Spot on advice. Your gable ends do not need beams. You can build down(false beam) to even up the look then tie the false beam in with plywood to the gable truss. Me personally, I would vinyl/wrap with metal, all exposed wood, except posts.


----------



## lagrangedave (Aug 18, 2012)

Call around to the local truss manufacturers, they often get stuck with special orders. I built a clear span 24x24 greatroom and got the trusses for 1/2 price.


----------



## Luke0927 (Aug 18, 2012)

I went out an measured it 24x16 (maybe even hand pour another 2' of concrete) and make it 24x18 would do it fine.  I think Truss will also be best bet too.  Found some on CL 24' for $41 but only 4/12.
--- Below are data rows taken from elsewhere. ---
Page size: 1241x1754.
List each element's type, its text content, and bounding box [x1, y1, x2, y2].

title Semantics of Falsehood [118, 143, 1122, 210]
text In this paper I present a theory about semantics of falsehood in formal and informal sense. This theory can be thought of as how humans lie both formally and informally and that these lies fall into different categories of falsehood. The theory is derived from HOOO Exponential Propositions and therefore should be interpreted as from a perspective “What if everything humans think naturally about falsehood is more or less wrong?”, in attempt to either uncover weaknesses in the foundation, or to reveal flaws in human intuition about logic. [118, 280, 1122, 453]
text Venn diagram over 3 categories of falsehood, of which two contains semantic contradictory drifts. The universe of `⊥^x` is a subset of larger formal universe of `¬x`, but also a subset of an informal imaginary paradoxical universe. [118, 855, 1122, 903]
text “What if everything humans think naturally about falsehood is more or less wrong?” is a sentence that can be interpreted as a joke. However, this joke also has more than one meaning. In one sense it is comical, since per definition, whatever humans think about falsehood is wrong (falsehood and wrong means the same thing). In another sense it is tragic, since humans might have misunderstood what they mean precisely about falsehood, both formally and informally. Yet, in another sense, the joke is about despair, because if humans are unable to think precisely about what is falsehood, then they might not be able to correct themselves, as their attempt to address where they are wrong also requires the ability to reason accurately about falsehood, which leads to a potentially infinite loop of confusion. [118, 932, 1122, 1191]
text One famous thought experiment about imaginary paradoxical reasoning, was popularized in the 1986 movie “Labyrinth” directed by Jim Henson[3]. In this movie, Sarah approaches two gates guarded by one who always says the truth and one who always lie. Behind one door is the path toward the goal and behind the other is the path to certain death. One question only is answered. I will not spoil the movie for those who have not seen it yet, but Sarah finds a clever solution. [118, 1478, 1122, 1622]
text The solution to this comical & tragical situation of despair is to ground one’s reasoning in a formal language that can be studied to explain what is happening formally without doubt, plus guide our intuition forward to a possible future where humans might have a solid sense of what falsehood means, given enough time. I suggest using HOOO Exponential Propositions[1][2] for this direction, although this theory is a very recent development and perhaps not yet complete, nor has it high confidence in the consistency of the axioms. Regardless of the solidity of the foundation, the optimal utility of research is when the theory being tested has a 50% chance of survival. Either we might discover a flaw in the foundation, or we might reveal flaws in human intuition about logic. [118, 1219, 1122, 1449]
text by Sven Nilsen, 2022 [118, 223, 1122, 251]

So with say and 18' length, would you run 3 6x6 and notch in a doubled 2x10 or spend the money on LVL.  I think If i did 3 6x6 on 18' and being notched in no need for the LVL.


----------



## Havana Dude (Aug 18, 2012)

Luke0927 said:


> I went out an measured it 24x16 (maybe even hand pour another 2' of concrete) and make it 24x18 would do it fine.  I think Truss will also be best bet too.  Found some on CL 24' for $41 but only 4/12.
> 
> So with say and 18' length, would you run 3 6x6 and notch in a doubled 2x10 or spend the money on LVL.  I think If i did 3 6x6 on 18' and being notched in no need for the LVL.



This should be fine. Maybe go 2x12. 9 ft span may require a lam beam. You could provide some extra support by running some permanent bracing from each post at a 45 degree angle up to the bottom of the beam, if using 2x10.


----------